15.2.2.1 Nonadhesive Nanorobot Surfaces

The non-specific adsorption of blood proteins on nanorobot surfaces could lead to clinical difficulties such as thrombosis and unwanted protein-mediated recognition interactions such as cell-nanorobot and nanorobot-nanorobot adhesion (aggregation). Such interactions could not only result in injury to the patient but also inactivation of the nanorobots with a subsequent failure of the nanomedical mission. With many hundreds of plasma proteins (the predominant plasma protein is albumin) to choose from, unmodified implanted devices may quickly adsorb a monolayer containing many proteins in a distribution of conformational and orientational states. Early-arriving proteins may be partially or wholly displaced by later-arriving proteins that have a greater affinity for the particular surface, a phenomenon widely known as the Vroman effect [950, 1442]. A variety of local and systemic cellular processes may be triggered depending upon which proteins are adsorbed to the surface (e.g., as opsonins) and their biological activity. This depends, in turn, upon whether specific active peptide sequences in specific proteins are accessible to arriving cells such as neutrophils and macrophages. The ultimate reaction to the implant would be dictated by the complex competition among simultaneous parallel reactions, producing a relatively stochastic or chaotic outcome – the very opposite of an engineered process [342].*


* M. Sprintz notes that the binding of plasma proteins has relevance to the displacement of other highly protein-bound drugs, such as phenytoin (Dilantin), barbiturates, propranolol, and benzodiazepines. If nanorobots have a higher affinity for protein binding sites than certain drugs used in concert with the nanorobots during a nanomedical treatment, then those drugs could be displaced, consequently increasing the number of biologically active drug molecules and increasing the risk of toxic drug levels [5489]. S. Flitman points out that newer anticonvulsants are less protein-bound, for this reason.

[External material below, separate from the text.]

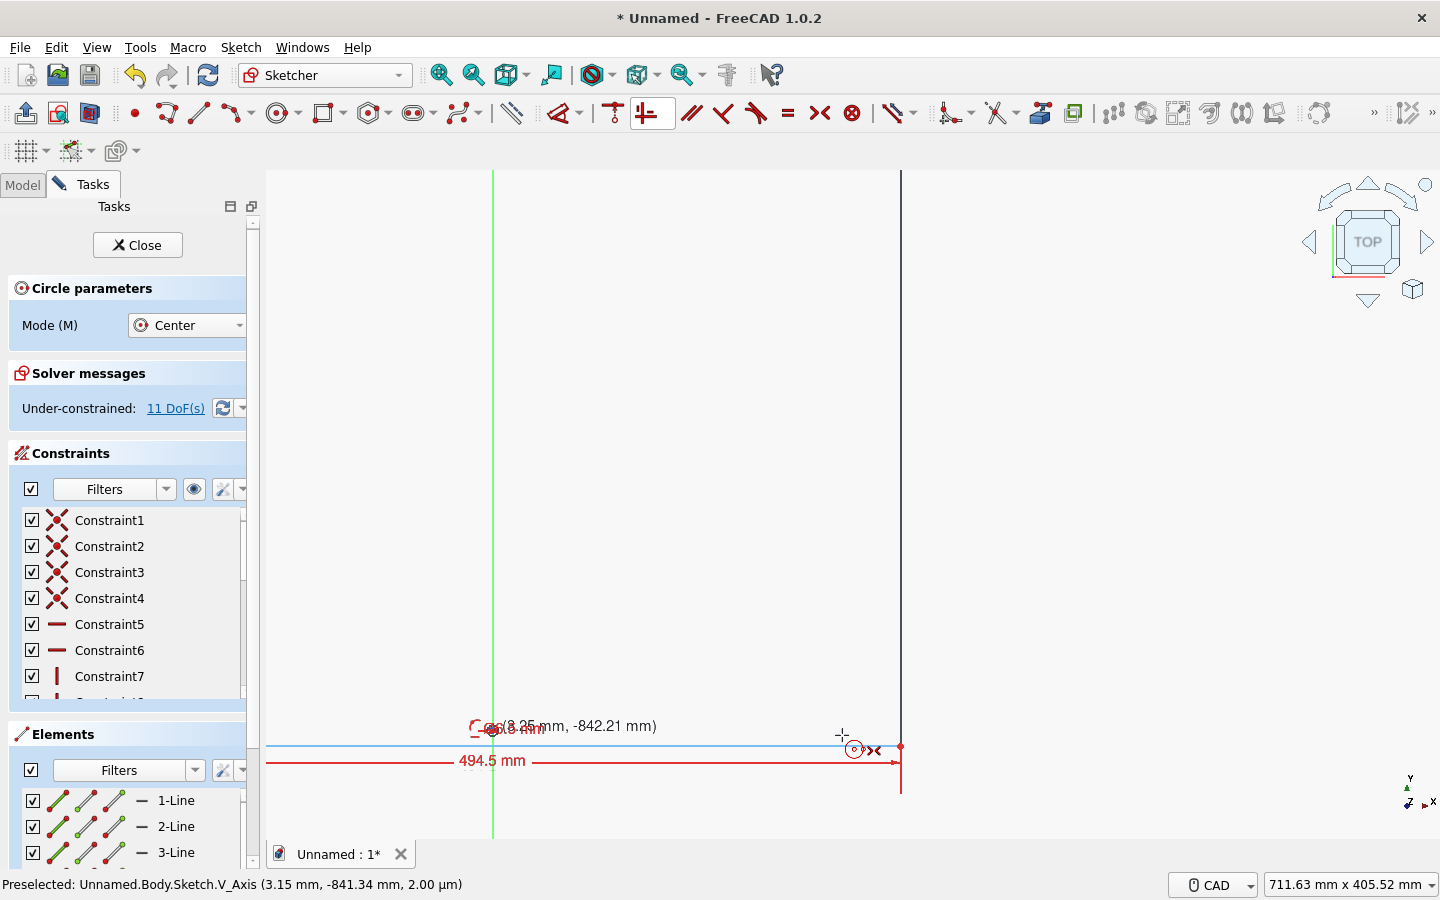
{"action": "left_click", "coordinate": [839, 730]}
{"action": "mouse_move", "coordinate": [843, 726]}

Fewster et al [474] point out that in some situations it is vital for an implant to resist cell attachment, as for instance within the cardiovascular system if an artificial blood vessel is to resist thrombosis. In the case of large implants, Fewster writes, “there may be a ‘race for the surface’, with the body’s own tissues moving to wall off an implant before bacteria and other microorganisms can become adherent and secrete a glycocalyx of slime in which they may flourish and resist all attempts of the body’s immune defenses to ingest or destroy them.” [474]

Note also that the amount of serum protein adsorbed on a nanorobot surface [24] varies inversely with nanorobot size for a constant mass, volume, or dosage of implanted medical nanomachinery. Cell adhesion, thrombogenicity, foreign body response and other reactions to implanted materials are related to the amount of adsorbed proteins, hence as an implanted object shrinks to smaller sizes (i.e., to micron-scale) the biological signal to local cell populations can increase enormously because the total amount of protein adsorbed on the implant mass is much greater.

Consequently, it will usually be desirable to suppress non-specific adhesive interactions involving individual physically-unlinked nanorobots, in order to permit unfettered nanorobot mobility and freedom of action within the human body and avoid particle aggregation. One early strategy to try to accomplish this in implants was to coat the artificial surface with an adsorbed protein, usually bovine serum albumin (BSA) or high-density lipoproteins, to serve as cell adhesion inhibiting proteins that would resist the adsorption of other proteins. This method was simple and inexpensive, but suffered from limited stability of the protein layer owing to exchange with other proteins in solution via the Vroman effect, and also from presentation of biologically active peptide sequences [1443]. The Vroman effect could be avoided by chemically bonding albumin itself, or a surface constructed to mimic an albumin coating, to the nanodevice exterior, such that no replacement of this camouflage layer would be possible.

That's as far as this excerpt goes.